A film screening before the war

(Dovzhenko Center / Silent Nights Festival)

“The separate development of the independent Ukrainian film industry of Goskino (Госкино), the State Committee for Cinematography of the RSFSR, was an example of this…[and] VUFKU quickly gained a reputation for much more adventurous commissioning than Goskino and its successor”.

However, nine years after its establishment, the VUFKU “was effectively shut down by the Moscow authorities”, Bossons said, with the 1930s seeing “Stalin’s suppression of Ukrainian national revival”. [and] many of its prominent figures were imprisoned or executed.

“It was a real time for our film, of healing, and we worked together,” Goncharuk said of the 1920s, when film studios were built in Odessa, Kharkiv and kyiv, and the emergence of films world-renowned Ukrainians who have been sent around the world. world.

“We have proof of this when they find Ukrainian films in Japan, Germany, [and in] American Archives,” Goncharuk said. “It means Ukraine was working with them. Independent? Yes”

More than a century after the heyday of Soviet cinema in Kyiv, Goncharuk says the Dovzhenko Center has seen an increase in bookings and requests for Ukrainian films from similar institutions around the world since the war began in February.

On the weekend, a small crowd watched a 1929 film, In spring, as part of the oldest photographic and film collection in the United States, the Eastman Museum in New York. This is one of many events organized to support Ukraine and the Dovzhenko Center.

A moment in ‘In the Spring’

(Mikhail Kaufman / Dovzhenko Center)

“Yeah, it’s a good choice,” Goncharuk said of Mikhail Kaufman’s silent film. “It’s a very good example of avant-garde cinema. I would say that it was free of any propaganda elements and was shot as a Kyiv advertisement for that period”.

“Kaufman showed himself as a very people-loving person and he gave a great portrayal of the times,” she said, noting that the film was shot in Kyiv, not Moscow.

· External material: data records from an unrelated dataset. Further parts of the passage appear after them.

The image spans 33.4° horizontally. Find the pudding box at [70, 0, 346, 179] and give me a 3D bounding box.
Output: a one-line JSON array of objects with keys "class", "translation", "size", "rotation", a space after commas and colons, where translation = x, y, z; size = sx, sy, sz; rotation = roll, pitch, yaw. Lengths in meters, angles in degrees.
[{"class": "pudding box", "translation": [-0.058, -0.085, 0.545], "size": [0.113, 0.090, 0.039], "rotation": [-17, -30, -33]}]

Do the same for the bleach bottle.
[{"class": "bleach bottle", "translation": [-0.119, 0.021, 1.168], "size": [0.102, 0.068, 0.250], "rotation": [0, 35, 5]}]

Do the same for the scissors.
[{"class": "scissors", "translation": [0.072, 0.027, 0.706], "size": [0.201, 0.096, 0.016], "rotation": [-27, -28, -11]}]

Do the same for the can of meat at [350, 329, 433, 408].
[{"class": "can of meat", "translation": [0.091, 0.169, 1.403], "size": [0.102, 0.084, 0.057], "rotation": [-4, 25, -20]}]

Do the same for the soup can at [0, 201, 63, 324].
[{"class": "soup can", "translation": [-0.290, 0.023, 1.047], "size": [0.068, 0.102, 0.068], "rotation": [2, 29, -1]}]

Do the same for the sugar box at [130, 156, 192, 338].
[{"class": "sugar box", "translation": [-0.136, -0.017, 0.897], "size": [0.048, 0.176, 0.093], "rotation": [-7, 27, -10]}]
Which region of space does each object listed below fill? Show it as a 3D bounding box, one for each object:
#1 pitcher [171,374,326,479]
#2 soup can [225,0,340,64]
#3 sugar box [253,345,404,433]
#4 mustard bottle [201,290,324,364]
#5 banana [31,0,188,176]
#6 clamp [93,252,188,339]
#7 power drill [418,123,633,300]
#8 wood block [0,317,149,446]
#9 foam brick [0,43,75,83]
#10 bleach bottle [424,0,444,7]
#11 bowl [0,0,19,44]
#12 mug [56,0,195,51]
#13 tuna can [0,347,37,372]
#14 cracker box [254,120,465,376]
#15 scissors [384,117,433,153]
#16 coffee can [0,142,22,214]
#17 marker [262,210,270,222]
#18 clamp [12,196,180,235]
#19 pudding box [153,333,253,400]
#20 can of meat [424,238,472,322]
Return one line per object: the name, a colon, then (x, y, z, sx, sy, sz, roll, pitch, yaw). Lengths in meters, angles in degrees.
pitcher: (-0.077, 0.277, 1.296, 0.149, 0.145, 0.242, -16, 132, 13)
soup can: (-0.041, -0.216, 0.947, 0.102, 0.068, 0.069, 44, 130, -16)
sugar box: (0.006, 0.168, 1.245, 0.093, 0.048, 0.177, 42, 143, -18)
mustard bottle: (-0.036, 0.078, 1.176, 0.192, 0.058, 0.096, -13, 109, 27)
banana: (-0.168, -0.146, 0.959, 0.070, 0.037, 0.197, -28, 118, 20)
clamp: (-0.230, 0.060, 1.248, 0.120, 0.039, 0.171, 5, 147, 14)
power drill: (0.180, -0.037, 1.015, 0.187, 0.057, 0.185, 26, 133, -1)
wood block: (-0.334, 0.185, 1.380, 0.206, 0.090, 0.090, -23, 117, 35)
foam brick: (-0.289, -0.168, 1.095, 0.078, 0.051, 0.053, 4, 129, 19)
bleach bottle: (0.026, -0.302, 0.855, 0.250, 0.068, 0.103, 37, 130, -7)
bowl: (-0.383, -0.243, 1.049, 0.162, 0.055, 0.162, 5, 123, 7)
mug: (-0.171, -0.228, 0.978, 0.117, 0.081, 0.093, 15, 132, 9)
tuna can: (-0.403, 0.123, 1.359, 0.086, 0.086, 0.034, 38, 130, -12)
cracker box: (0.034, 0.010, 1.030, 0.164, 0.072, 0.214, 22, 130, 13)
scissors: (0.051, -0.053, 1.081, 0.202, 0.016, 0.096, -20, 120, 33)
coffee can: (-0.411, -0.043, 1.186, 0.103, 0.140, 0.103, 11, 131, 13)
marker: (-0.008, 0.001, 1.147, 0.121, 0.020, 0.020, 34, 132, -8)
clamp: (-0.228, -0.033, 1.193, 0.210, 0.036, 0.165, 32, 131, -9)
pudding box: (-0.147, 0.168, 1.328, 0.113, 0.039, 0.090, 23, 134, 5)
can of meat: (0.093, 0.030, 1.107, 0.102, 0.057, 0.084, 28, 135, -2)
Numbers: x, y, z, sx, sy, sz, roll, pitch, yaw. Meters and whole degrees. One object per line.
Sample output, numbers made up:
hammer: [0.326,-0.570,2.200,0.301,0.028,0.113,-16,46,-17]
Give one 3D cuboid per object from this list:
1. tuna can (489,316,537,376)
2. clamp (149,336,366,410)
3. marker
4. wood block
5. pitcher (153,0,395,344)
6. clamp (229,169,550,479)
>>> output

The Eastman Museum’s senior curator for moving images, Peter Bagrov, agreed that Ukraine’s film heritage was distinct from Russia’s and should be honored.

He said The Independent: “[In Spring] is considered one of the masterpieces of Ukrainian cinema in general and, you know, we didn’t want any Soviet overtones for this screening”.

“That’s what makes In spring unique for Soviet cinema in general, that there is no political message,” Bagrov said. “It is indeed the passage from winter to spring and the birth of life”.

The screening was an act of solidarity with the country overrun by Vladimir Putin’s regime, as well as with its culture – which Goncharuk considers a battleground today. Particularly amid the alleged destruction of 53 cultural sites, according to the UN.

“We don’t have the exact number now because it’s ongoing. [of being worked out] in the regions, where they have great destruction, and some information is not very public, but there were several destroyed museums in Mariupol and we lost them,” she said.

Inside the Oleksandr Dovzhenko National Center

(Dovzhenko Center / Natalka Diachenko)

“It’s an inhumane crime and a war crime,” said Goncharuk, who says he considered placing a blue shield on his building to warn Russian soldiers not to attack a culturally significant site.

“Even war can have civilized rules and according to different conventions, art and cultural objects should not be destroyed and they are under protection and the blue shield is a sign, it is placed on buildings and monuments just to show the warring troops which positions should not be attacked … but in the situation with Russia it does not work, they are not civilized.

“Some compare them to animals but animals don’t do that, it’s totally inhumane. If they bomb a building, a shelter, with a sign saying there are children inside that building those Heritage preservation rules don’t work.

For the foreseeable future, Goncharuk and his team will continue to promote their film archives at home and abroad, with film screenings planned at institutions around the world, including London’s BFI in the coming weeks.